## GIVEN DATA
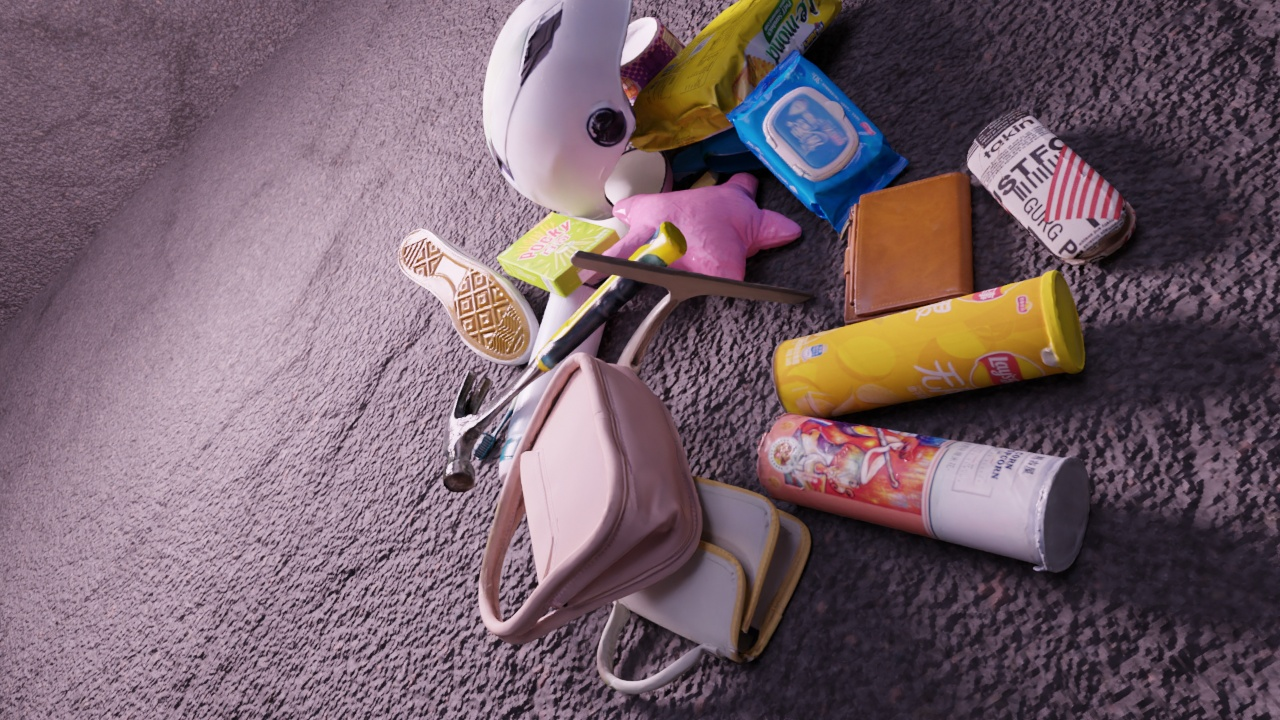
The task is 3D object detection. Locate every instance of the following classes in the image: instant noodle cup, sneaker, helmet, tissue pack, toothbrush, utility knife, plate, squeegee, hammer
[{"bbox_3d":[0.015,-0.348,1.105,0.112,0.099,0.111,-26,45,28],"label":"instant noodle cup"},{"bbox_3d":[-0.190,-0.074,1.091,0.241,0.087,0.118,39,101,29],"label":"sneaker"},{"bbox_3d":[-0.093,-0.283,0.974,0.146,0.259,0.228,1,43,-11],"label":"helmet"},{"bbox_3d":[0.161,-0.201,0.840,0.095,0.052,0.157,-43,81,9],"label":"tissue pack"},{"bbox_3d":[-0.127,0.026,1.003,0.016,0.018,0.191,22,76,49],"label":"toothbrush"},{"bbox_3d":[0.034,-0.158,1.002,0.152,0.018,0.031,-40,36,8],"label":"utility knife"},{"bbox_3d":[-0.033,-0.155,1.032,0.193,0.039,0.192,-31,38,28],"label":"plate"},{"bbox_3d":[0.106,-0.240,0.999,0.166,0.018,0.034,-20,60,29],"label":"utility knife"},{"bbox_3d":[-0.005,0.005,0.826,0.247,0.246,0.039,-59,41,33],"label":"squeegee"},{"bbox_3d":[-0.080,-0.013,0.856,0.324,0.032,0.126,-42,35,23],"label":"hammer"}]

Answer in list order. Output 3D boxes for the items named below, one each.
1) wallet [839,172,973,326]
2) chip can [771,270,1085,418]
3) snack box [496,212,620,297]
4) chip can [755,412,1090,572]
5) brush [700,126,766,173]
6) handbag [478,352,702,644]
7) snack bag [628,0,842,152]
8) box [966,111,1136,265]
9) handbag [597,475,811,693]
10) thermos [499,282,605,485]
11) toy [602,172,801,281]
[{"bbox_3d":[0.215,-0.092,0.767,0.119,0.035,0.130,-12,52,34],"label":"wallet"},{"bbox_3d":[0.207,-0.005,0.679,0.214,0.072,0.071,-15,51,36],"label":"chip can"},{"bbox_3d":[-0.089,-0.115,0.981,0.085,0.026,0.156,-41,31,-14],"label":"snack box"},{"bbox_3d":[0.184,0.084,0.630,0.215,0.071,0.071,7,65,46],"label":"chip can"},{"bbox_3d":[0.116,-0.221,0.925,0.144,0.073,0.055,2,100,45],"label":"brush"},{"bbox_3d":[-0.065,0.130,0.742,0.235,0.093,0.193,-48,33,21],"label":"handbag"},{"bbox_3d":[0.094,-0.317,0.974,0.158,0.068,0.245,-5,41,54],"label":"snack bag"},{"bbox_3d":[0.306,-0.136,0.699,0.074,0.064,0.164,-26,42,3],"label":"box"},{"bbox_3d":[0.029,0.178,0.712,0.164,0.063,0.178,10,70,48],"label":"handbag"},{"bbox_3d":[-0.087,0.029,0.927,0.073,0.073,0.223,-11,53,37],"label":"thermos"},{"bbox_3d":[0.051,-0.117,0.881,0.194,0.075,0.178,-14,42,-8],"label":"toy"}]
...
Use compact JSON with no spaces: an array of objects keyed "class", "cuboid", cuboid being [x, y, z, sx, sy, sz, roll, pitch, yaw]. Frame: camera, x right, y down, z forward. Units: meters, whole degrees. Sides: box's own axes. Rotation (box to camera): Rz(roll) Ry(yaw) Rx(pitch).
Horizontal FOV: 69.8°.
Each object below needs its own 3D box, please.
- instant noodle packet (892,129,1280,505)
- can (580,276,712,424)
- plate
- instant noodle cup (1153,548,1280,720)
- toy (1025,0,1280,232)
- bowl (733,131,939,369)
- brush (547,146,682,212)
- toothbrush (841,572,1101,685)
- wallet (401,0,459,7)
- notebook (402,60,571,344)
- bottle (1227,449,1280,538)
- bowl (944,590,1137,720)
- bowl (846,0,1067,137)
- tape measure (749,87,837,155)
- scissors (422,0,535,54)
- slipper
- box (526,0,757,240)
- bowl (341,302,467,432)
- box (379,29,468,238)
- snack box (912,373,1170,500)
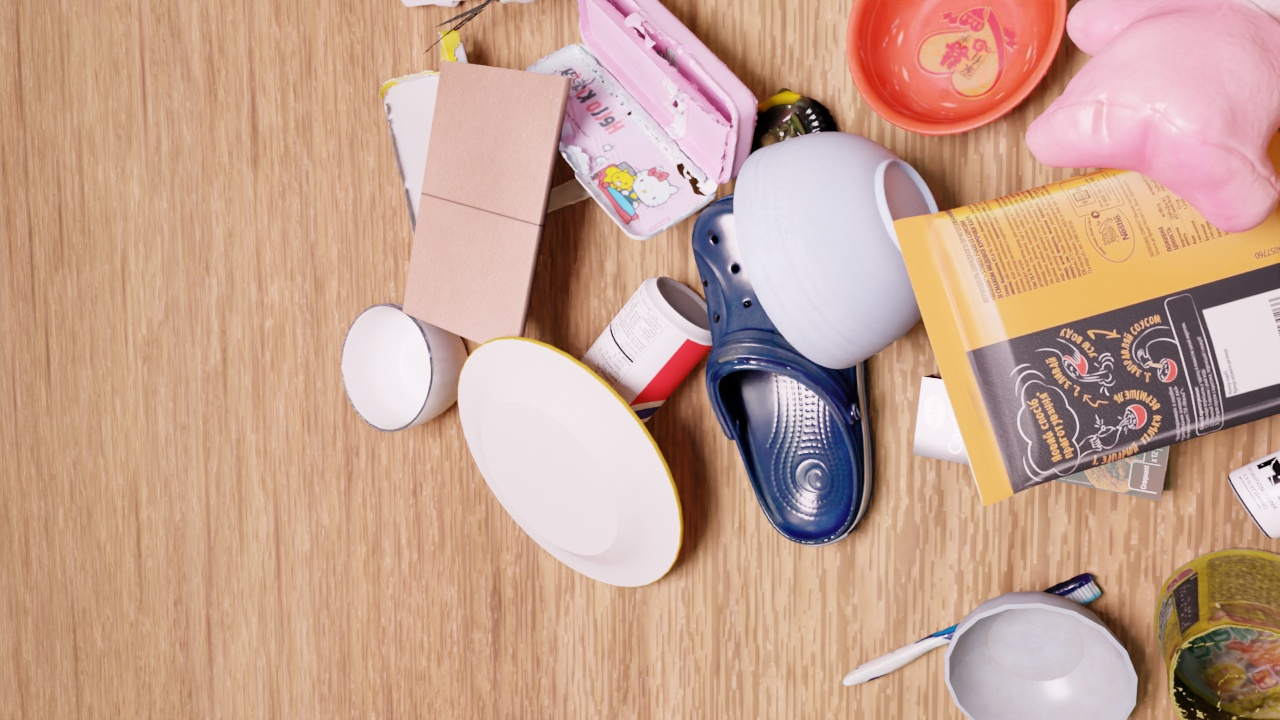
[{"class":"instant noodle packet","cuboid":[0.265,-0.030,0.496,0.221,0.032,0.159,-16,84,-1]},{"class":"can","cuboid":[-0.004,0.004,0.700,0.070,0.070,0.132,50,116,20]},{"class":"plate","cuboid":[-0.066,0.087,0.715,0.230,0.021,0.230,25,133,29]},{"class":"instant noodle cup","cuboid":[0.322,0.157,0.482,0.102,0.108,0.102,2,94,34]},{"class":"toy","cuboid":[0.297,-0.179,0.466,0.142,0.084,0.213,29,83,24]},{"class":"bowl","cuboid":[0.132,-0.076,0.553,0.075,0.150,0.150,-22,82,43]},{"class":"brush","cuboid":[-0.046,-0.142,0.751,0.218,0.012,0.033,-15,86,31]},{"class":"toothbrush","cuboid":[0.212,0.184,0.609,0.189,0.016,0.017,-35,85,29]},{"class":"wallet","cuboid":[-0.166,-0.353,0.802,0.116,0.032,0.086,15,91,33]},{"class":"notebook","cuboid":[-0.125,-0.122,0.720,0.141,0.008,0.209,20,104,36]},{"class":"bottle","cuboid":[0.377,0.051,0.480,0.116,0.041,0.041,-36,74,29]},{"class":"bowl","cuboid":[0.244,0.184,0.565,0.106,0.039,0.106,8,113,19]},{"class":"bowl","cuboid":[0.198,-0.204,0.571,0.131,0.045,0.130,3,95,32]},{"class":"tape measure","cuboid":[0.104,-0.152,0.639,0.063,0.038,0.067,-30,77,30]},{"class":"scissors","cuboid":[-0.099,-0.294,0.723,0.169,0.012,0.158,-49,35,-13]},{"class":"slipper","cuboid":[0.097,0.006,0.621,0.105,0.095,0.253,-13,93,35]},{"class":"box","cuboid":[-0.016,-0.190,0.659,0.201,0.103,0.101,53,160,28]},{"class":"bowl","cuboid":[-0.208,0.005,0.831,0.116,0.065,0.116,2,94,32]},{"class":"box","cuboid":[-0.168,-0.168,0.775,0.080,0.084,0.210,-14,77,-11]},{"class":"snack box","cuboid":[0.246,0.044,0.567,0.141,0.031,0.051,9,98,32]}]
---
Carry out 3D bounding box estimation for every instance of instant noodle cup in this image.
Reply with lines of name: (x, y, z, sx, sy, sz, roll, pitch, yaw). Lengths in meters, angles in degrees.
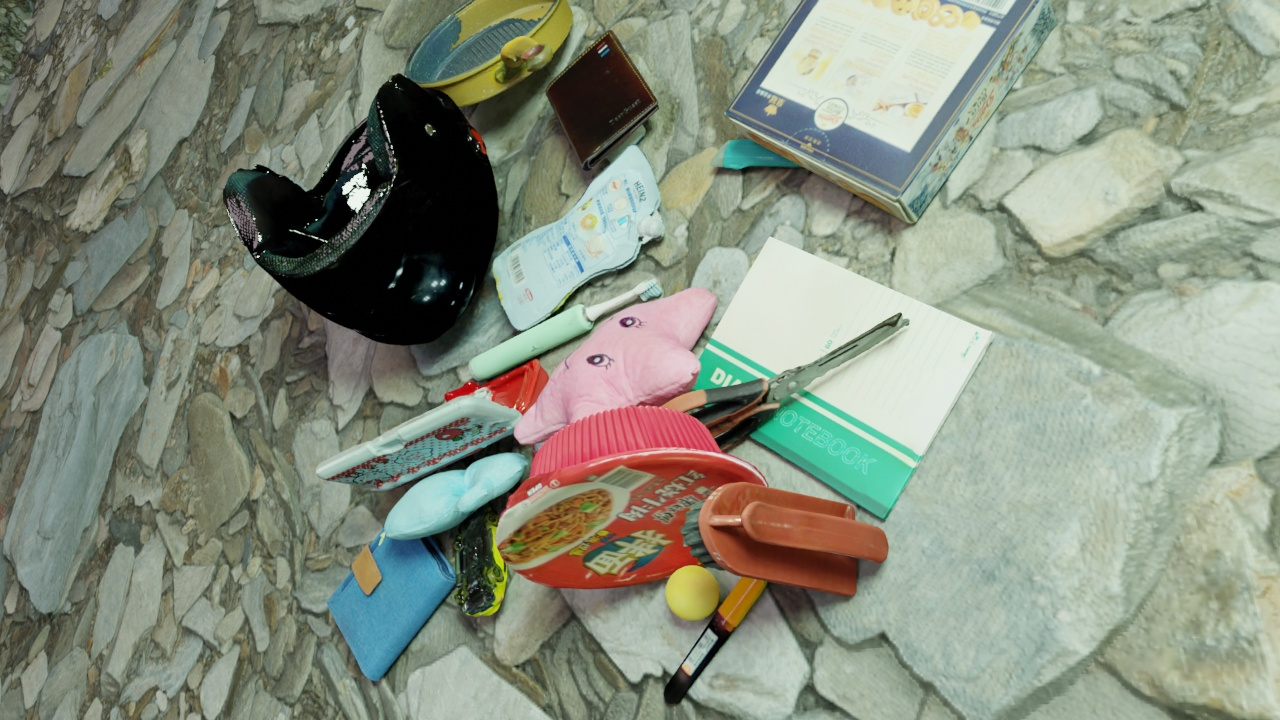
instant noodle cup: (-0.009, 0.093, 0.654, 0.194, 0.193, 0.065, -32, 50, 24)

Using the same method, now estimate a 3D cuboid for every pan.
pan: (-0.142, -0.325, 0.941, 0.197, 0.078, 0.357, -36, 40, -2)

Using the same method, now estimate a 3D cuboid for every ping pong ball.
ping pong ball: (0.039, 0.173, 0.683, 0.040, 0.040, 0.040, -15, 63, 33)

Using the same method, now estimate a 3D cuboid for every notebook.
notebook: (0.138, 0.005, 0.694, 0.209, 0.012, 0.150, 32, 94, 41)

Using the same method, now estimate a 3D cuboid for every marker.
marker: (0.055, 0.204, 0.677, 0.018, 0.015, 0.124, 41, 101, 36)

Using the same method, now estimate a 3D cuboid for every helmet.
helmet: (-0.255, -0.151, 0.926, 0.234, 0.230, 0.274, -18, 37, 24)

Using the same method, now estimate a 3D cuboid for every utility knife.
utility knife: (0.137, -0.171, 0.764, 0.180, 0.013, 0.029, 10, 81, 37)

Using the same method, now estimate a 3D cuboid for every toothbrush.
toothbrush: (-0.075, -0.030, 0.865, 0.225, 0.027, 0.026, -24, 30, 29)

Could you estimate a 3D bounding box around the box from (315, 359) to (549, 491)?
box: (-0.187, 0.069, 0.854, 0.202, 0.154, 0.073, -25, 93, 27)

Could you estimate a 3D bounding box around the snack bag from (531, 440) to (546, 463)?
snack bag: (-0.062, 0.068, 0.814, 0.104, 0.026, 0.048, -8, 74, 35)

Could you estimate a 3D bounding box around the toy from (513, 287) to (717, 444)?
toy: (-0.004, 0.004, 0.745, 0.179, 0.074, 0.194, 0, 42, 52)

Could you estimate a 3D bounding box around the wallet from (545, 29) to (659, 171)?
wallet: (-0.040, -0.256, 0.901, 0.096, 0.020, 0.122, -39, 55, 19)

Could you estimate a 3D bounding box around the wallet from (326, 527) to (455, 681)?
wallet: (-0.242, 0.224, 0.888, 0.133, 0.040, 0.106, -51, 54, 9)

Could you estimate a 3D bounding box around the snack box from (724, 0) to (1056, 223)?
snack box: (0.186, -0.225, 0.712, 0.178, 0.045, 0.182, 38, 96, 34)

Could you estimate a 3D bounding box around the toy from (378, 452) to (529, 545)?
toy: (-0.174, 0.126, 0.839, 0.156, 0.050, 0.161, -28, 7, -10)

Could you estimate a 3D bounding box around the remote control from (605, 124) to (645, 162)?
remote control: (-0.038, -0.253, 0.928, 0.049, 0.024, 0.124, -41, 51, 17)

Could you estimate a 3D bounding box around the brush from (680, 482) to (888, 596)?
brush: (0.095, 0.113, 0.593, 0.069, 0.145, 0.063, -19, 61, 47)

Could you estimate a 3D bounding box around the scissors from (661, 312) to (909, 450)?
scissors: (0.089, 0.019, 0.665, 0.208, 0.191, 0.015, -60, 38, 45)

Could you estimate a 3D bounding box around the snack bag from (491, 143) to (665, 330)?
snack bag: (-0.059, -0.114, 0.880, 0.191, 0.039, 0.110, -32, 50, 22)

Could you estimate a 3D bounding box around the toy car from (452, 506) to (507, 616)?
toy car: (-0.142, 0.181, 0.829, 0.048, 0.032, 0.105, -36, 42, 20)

## TASK PROMPT
In the entries above, find the line with "7) snack bag [628,0,842,152]" and the line with "10) thermos [499,282,605,485]", then set down exactly those two and every line between them, nothing else.

## RESPONSE TO THE TASK
7) snack bag [628,0,842,152]
8) box [966,111,1136,265]
9) handbag [597,475,811,693]
10) thermos [499,282,605,485]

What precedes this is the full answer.